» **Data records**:
━━━━━━━━━━━━━━━━━━━━━━━━━━━━━━
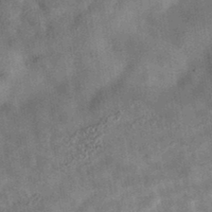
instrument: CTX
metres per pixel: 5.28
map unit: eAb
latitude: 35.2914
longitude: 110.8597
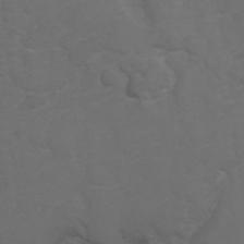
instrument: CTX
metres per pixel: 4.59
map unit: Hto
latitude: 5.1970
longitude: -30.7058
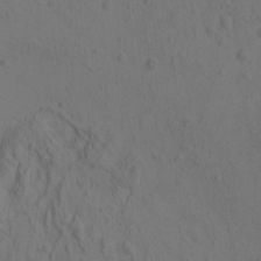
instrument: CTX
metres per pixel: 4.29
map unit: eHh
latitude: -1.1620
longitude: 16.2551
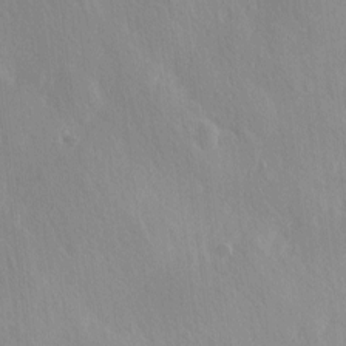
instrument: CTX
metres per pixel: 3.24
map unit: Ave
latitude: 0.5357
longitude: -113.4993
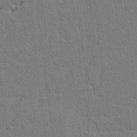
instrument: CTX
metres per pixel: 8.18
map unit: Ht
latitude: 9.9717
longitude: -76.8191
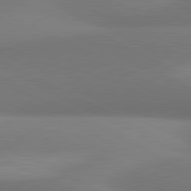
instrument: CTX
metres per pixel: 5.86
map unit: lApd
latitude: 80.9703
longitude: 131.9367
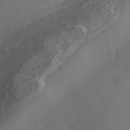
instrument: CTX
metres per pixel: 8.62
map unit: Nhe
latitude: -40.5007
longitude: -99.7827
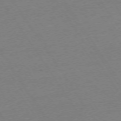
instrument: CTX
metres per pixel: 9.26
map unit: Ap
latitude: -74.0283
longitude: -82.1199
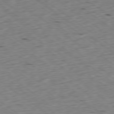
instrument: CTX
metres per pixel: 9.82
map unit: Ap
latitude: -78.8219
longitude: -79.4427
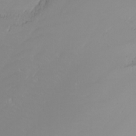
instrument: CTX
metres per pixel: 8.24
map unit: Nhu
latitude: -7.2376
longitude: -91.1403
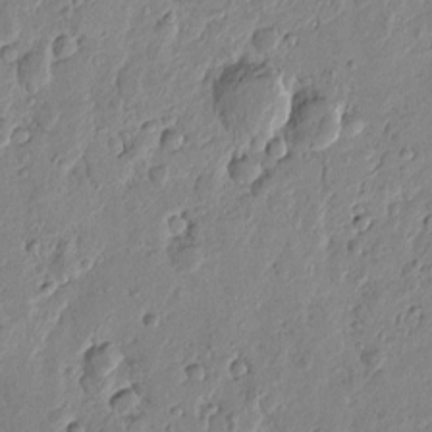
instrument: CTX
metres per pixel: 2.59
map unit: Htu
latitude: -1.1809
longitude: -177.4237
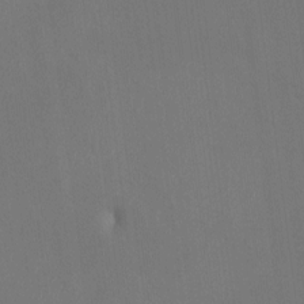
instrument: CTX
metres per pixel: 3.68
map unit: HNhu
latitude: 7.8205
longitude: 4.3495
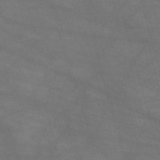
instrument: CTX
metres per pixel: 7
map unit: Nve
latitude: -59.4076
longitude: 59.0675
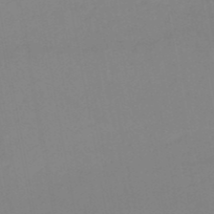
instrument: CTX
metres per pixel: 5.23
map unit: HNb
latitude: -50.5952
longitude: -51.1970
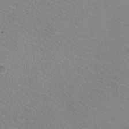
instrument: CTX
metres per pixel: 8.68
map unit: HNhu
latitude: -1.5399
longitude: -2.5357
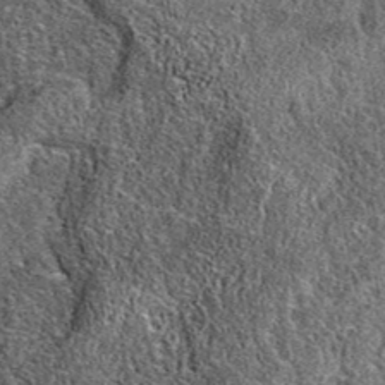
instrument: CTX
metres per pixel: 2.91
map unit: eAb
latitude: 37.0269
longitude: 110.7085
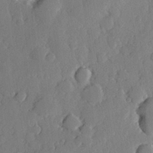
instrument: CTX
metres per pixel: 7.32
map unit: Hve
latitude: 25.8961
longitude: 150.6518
━━━━━━━━━━━━━━━━━━━━━━━━━━━━━━
Would you set down the records above once more, exactly, with the pictures removed?

instrument: CTX
metres per pixel: 5.28
map unit: eAb
latitude: 35.2914
longitude: 110.8597
instrument: CTX
metres per pixel: 4.59
map unit: Hto
latitude: 5.1970
longitude: -30.7058
instrument: CTX
metres per pixel: 4.29
map unit: eHh
latitude: -1.1620
longitude: 16.2551
instrument: CTX
metres per pixel: 3.24
map unit: Ave
latitude: 0.5357
longitude: -113.4993
instrument: CTX
metres per pixel: 8.18
map unit: Ht
latitude: 9.9717
longitude: -76.8191
instrument: CTX
metres per pixel: 5.86
map unit: lApd
latitude: 80.9703
longitude: 131.9367
instrument: CTX
metres per pixel: 8.62
map unit: Nhe
latitude: -40.5007
longitude: -99.7827
instrument: CTX
metres per pixel: 9.26
map unit: Ap
latitude: -74.0283
longitude: -82.1199
instrument: CTX
metres per pixel: 9.82
map unit: Ap
latitude: -78.8219
longitude: -79.4427
instrument: CTX
metres per pixel: 8.24
map unit: Nhu
latitude: -7.2376
longitude: -91.1403
instrument: CTX
metres per pixel: 2.59
map unit: Htu
latitude: -1.1809
longitude: -177.4237
instrument: CTX
metres per pixel: 3.68
map unit: HNhu
latitude: 7.8205
longitude: 4.3495
instrument: CTX
metres per pixel: 7
map unit: Nve
latitude: -59.4076
longitude: 59.0675
instrument: CTX
metres per pixel: 5.23
map unit: HNb
latitude: -50.5952
longitude: -51.1970
instrument: CTX
metres per pixel: 8.68
map unit: HNhu
latitude: -1.5399
longitude: -2.5357
instrument: CTX
metres per pixel: 2.91
map unit: eAb
latitude: 37.0269
longitude: 110.7085
instrument: CTX
metres per pixel: 7.32
map unit: Hve
latitude: 25.8961
longitude: 150.6518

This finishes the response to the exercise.